In early 1918, Cardinal John Murphy Farley promised the Carmelite Fathers a new parish in the Bronx which was then the fastest growing section of New York City. Since World War I was still being fought, the offer of a new parish remained only an offer for two reasons. First, building materials were scarce. Second, German submarines continued to prowl the North Atlantic preventing additional Irish Carmelites from coming to America.

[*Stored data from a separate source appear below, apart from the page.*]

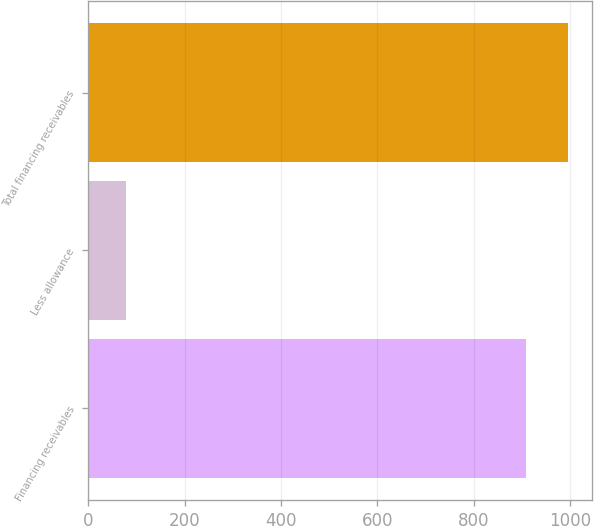Convert chart. <chart><loc_0><loc_0><loc_500><loc_500><bar_chart><fcel>Financing receivables<fcel>Less allowance<fcel>Total financing receivables<nl><fcel>908<fcel>79<fcel>995.1<nl></chart> 
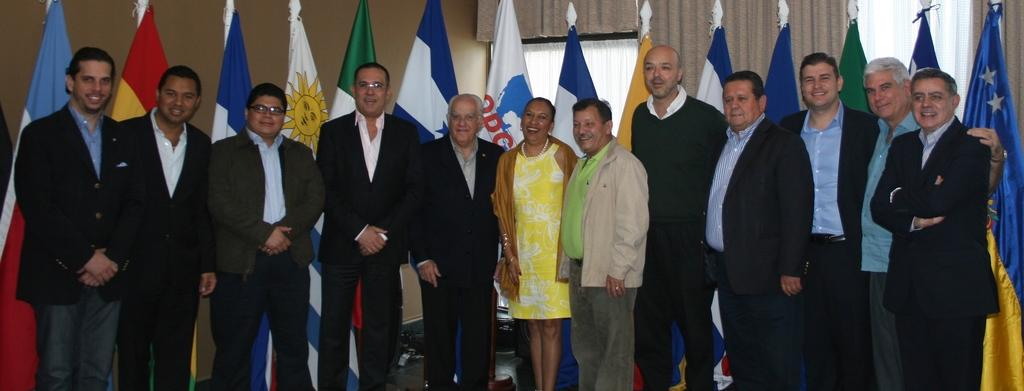How many people are in the image? There is a group of people in the image. Where are the people in the image located? The group of people is standing behind other people. What can be seen in the image besides the people? There are multiple flags and curtains in the image. What type of books are the crows reading in the image? There are no crows or books present in the image. 
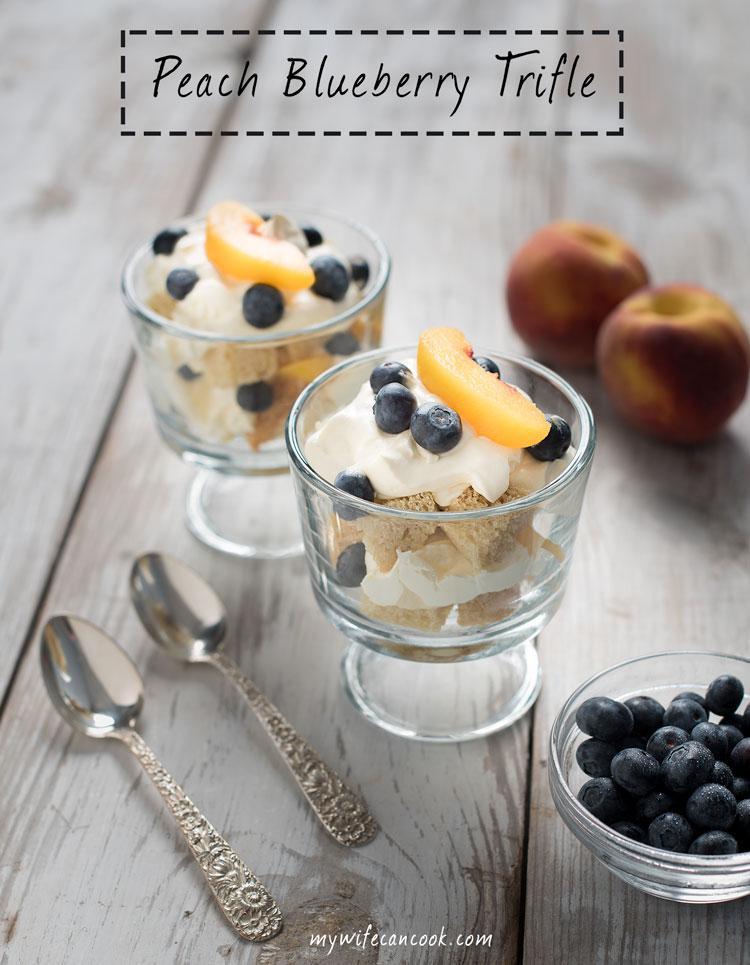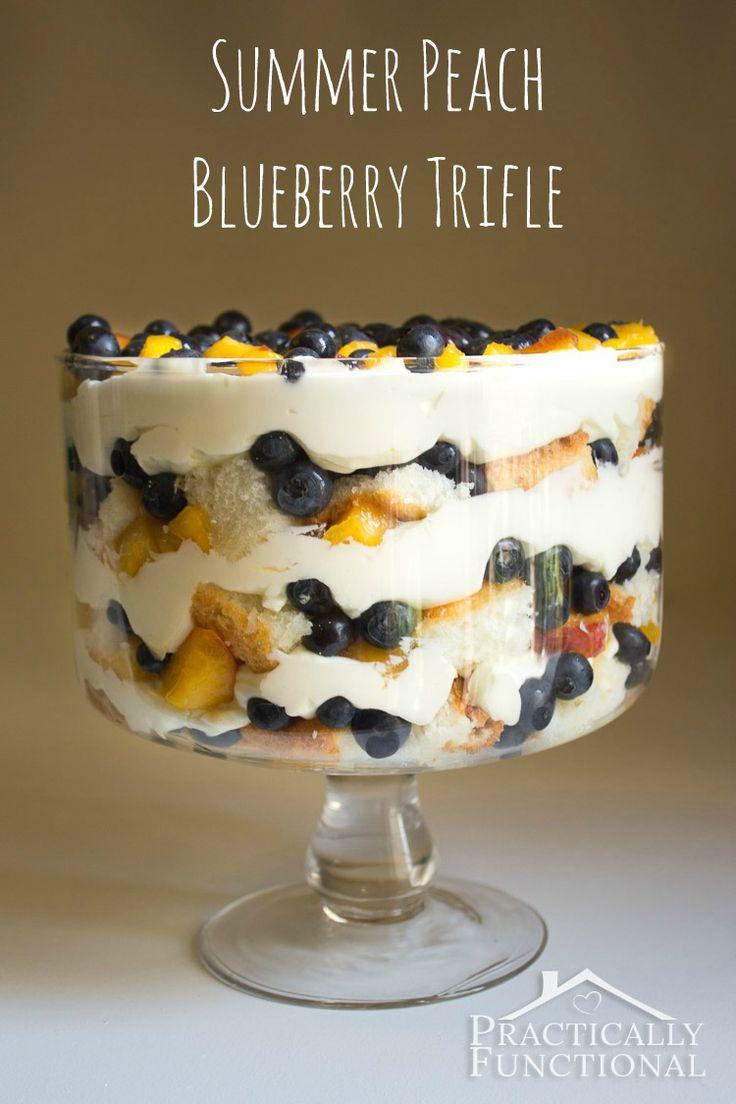The first image is the image on the left, the second image is the image on the right. Analyze the images presented: Is the assertion "There are one or more spoons to the left of the truffle in one of the images." valid? Answer yes or no. Yes. The first image is the image on the left, the second image is the image on the right. Considering the images on both sides, is "One image in the pair contains a whole piece of fruit." valid? Answer yes or no. Yes.

A month before the Armistice on Nov. 11, 1918, Cardinal Farley died. The Carmelites feared the promise of a new parish might have died with the cardinal. However, in April 1919, Father  John Cogan, O. Carm., who was the Irish provincial, made a visit to the new archbishop, Cardinal Patrick Hayes, who assured him the promise of a parish was still alive. This promise became a reality in March 1920. 

The first Mass in the new parish was celebrated in “a house on the hill” which was located on the southwest corner of 182nd Street and Valentine Avenue where the school building now sits.

Father William G. O'Farrell, a Carmelite from Ireland, who had only been ordained for about three years, was appointed the first pastor of the new parish. The first Mass was celebrated in the house on Palm Sunday, March 28, 1920. The church building was constructed in 1921. St.  Simon Stock School opened in 1926. 

Nuns from the Sisters of Mercy taught at the school from soon after the opening until the 1970s. Tara Braswell is principal of the K-8 elementary school, which has 200 students, most learning remotely this year. 

(A parish high school, which opened in 1929, closed in the early 1970s.)

Lourdes Victor is director of parish religious education, where about 170 youths are registered. 

Jose Rosario, 71, has been a St. Simon Stock parishioner for 35 years; he is involved with the parish’s Cursillo group and often helps to take up the collection during Mass. A maintenance worker, he is New York-born of Puerto Rican ancestry. He and wife Hilda have been married 43 years.

“This is a blessing; this celebration is very important, 100 years,” Rosario, a father of two and grandfather of four, told CNY last week. Parishioners are “very thankful” to Bishop Byrne for celebrating the anniversary Mass, he said.